Since those areas are currently under Arab rule, entrenching this claim in the Kurdish constitution would lead to confrontations between Kurds and Arabs. US Vice-President Joe Biden and Iraqi Prime Minister No uri al-Maliki both leaned on the Independent High Electoral Commission, which obediently said that “for technical reasons” it could not hold a referendum in Kurdistan on the same day as the election. This was patently untrue, and the Kurds had to decide whether or not to defy Baghdad.
In effect, the central government just said “no” to the draft Kurdish constitution, or at least “not now” – and the outgoing Kurdish parliament meekly accepted the decision. It voted to postpone the referendum indefinitely. That is the new reality in Iraq.

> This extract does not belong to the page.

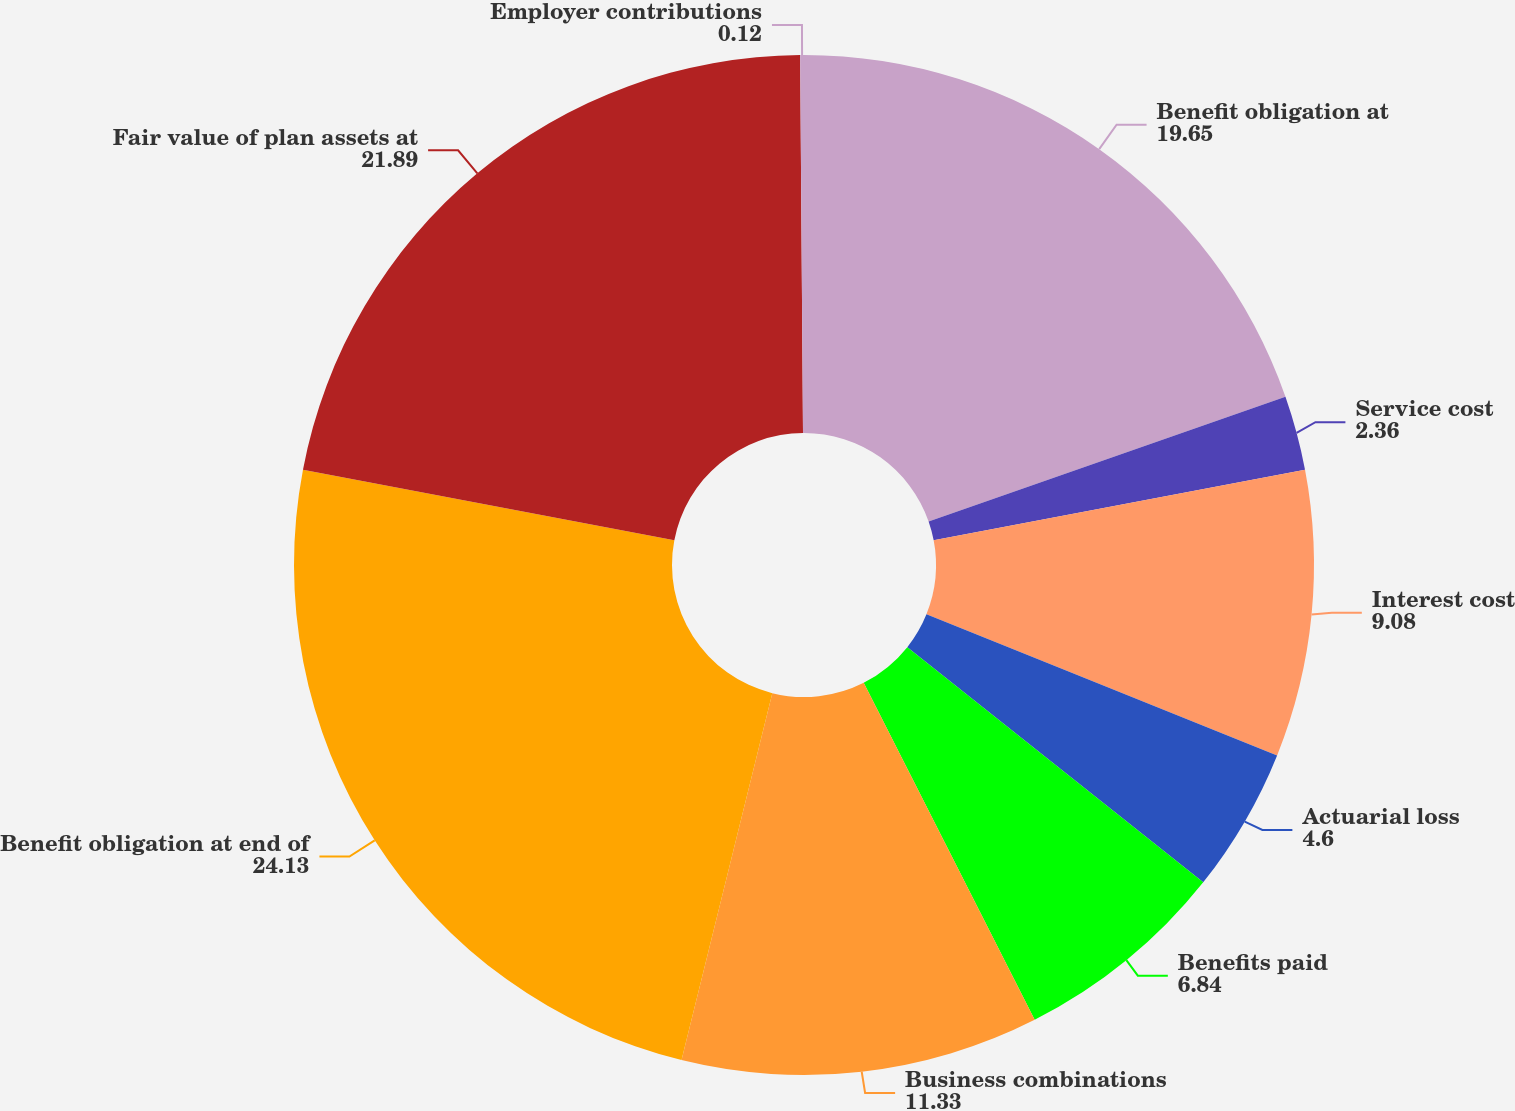Convert chart. <chart><loc_0><loc_0><loc_500><loc_500><pie_chart><fcel>Benefit obligation at<fcel>Service cost<fcel>Interest cost<fcel>Actuarial loss<fcel>Benefits paid<fcel>Business combinations<fcel>Benefit obligation at end of<fcel>Fair value of plan assets at<fcel>Employer contributions<nl><fcel>19.65%<fcel>2.36%<fcel>9.08%<fcel>4.6%<fcel>6.84%<fcel>11.33%<fcel>24.13%<fcel>21.89%<fcel>0.12%<nl></chart>

In retrospect, it’s clear that the only time when the Kurds might have achieved their maximum ambitions was right after the US invasion of 2003. To do so, however, they would have had to defy their only ally, the United States, and neither Barzani nor Talabani was willing to take the risk.
Fearing a clash with the Americans, they did not seize Kirkuk and ensure an overwhelming Kurdish majority there when they had the military power to do so. Fearing a Turkish invasion, they did not dare to declare independence. Now they can’t do either, for Iraq has a functioning army again and Kurdistan’s whole budget depends on oil revenues sent north by the government in Baghdad.
This is not necessarily a tragedy. A prosperous, democratic, secular Kurdistan, using its own language and running its own institutions, within a rather less democratic and more theocratic Arab-majority Iraq that hands over a fair share of oil revenues and leaves the Kurdish minority alone, would be an outcome beyond the wildest dreams of previous generations of Kurds.
It is still within reach, if the bitter question of Kirkuk can be finessed. And it doesn’t need the Talabanis and Barzanis at all.
To shorten to 725 words, omit paragraphs 5 and 9. (“The families…south”); and (“Since…election”)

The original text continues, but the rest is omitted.